The predictable nature of history works perfectly fine under the assumption of a cyclical concept of history but it already irrational (and non-rational means not quite the same) and engaged in the sooth-saying of antinomian versions of Messianism; those that either inform you in advance of who/what the Messiah is or necessarily warn you that he will never arrive, at least not in 'this world' (as though we had a clear account of what this concept entails when we've done away with the 'cosmos' as soon as philosophy exists, the shift from cosmological to anthropological representations of truth). Hermeneutically speaking the 'everyday' can be traced back perhaps as far as St. Augustine and the interrelations/events that surround the so-called 'Christian times' described in his Sermones, philosophically the concept is foreign to the world of the natural philosophies (that are not our current philosophies of science) and is perhaps of very little importance before the 'discovery' of burgeoise property relations inherited from the rising social science during the age of positivism. The 'everyday' coupled with history, are the spaces of immanence par excellence and therefore what I would call, the 'stumbling block of trascendence'; an absolute immanence like that of the modern world has become in itself the space of trascendence so that one of the manifold accounts of 'Modernity' is the attempt to 'trascend' the human world in order to repair its fragility. But the human world cannot be repaired without being destroyed, or at least radically modified so that linguistic problems arise anew.

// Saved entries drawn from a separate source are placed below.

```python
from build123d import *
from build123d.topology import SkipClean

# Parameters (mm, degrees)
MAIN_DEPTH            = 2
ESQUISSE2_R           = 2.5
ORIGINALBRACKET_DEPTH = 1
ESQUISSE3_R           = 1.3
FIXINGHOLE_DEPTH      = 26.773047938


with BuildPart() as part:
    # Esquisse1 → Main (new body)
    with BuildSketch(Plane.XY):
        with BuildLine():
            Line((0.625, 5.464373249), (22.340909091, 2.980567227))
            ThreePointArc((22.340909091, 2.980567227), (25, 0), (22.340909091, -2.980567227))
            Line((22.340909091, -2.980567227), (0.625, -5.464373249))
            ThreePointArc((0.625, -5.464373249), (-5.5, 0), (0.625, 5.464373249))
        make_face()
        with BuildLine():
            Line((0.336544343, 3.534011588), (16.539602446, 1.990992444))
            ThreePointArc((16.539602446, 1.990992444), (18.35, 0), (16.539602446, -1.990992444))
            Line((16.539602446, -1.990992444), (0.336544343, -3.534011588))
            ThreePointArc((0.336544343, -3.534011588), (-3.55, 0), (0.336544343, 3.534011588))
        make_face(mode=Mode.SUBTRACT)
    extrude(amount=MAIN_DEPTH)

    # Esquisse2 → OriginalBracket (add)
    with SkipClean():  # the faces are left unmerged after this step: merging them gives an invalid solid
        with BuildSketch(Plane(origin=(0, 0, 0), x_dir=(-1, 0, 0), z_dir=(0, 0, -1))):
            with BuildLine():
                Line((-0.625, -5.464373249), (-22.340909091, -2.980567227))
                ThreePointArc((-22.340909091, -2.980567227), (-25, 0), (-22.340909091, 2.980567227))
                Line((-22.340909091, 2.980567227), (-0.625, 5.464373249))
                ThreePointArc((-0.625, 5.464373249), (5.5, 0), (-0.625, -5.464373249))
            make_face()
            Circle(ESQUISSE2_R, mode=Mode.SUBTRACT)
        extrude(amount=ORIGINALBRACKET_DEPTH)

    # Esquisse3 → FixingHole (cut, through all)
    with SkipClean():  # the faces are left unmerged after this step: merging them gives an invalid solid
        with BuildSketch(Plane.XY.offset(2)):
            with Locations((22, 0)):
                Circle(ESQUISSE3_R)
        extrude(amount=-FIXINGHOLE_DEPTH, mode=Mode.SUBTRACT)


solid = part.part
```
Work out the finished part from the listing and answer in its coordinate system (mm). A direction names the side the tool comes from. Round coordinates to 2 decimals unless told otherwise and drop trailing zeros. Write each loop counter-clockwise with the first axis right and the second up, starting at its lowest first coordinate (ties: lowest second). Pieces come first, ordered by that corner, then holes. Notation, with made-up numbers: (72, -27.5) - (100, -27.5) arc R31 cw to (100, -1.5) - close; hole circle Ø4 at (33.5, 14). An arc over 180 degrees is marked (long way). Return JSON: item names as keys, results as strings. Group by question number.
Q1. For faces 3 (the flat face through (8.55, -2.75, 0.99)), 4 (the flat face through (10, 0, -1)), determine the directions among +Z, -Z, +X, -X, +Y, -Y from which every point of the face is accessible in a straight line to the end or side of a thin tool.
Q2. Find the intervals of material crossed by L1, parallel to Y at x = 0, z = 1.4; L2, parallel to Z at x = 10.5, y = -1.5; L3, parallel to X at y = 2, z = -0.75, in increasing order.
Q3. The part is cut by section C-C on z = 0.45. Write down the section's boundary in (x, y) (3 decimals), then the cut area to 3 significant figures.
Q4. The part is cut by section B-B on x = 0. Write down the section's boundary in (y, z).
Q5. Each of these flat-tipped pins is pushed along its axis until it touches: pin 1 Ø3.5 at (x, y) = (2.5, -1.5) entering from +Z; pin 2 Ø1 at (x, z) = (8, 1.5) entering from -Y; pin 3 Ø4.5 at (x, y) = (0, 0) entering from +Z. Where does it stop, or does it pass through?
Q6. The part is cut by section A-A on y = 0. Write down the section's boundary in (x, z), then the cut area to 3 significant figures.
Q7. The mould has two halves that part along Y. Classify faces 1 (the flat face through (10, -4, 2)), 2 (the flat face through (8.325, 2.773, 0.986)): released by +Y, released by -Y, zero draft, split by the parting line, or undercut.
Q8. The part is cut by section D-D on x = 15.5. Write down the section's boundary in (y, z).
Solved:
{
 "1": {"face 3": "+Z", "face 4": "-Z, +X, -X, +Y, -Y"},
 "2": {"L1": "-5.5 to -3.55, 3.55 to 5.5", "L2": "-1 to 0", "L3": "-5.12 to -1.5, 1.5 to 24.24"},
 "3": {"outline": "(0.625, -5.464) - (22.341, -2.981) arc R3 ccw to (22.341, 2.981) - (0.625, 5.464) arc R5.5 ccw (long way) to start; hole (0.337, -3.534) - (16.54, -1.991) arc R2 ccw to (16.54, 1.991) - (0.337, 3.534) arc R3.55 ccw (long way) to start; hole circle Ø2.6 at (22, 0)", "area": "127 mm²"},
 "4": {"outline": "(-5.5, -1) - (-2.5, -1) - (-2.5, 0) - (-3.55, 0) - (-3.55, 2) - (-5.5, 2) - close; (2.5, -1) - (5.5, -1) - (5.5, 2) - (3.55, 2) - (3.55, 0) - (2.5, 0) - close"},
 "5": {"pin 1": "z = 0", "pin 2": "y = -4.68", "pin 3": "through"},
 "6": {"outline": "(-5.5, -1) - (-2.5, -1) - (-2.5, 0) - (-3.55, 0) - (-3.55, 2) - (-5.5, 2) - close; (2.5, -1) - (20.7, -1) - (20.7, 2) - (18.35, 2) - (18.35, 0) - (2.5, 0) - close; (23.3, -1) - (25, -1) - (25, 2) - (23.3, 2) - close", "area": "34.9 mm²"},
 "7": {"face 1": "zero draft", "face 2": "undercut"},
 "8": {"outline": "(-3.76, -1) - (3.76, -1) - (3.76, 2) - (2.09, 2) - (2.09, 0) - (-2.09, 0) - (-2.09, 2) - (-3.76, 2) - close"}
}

This is where Arendt proves an interesting discussion partner, because whichever talk about metaphysics held today leads unavoidable to street talk about the rise of Modernity and Auschwitz - the greatest achievement of the 'social contract'. Not in vain did Nietzsche remark how the obliteration of the 'true world' will lead to the disappearance of the 'apparent world'; so that philosophically we are condemned to live in a duality that truly is a monism reified into two different apparatuses, the metaphysics of the 'lower forms' (political science) and the metaphysics of the 'higher forms' (theology) and the divorce between the 'formness' inherent to human life is as dangerous as the Cartesian doubt that divorces thinking from being in order to assure the 'accuracy' of both, but out of this Promethean enterprise there can be no other result than the most radical atrophy of both. The radical separation between the organized religion(s) and the state which became soon enough the Enlightenment religion and thoroughly preached by its annointed priest: The definition of the modern state laid down by Hegel's late philosophy. This separation is by no means curious, it springs from the disappointment of Hegel with the previous model of politics based on the political and social reality of Athens; therein there's a total unity (or rather unicity) of the realms of religion, philosophy, art and morality, yet as exemplified in the Greek tragedy (and later in the death of Socrates) there's no space for the 'individual'; the perfect synthesis of the aforementioned realms nullifies the 'moment of decision' that fails in all modern ontologies and that by means of persuasion engenders the mass man of the Totalitarian regime - one that has no private space nor public space, he remains suspended in an 'anti-world'. This model precludes the moment of 'pathos' inherent to any existential decision; the 'pathos' of Kierkegaard is not the 'peitho' of Plato; and in Plato himself the 'peitho' (persuasion) that works under the rubric of mythologies (like in the famous Diotima story in the Symposium) is not an illustrative philosophical character, but rather a theological one in the sense that Plato gave to 'theology' in the Republic - the education of the elites to rule over the mobs.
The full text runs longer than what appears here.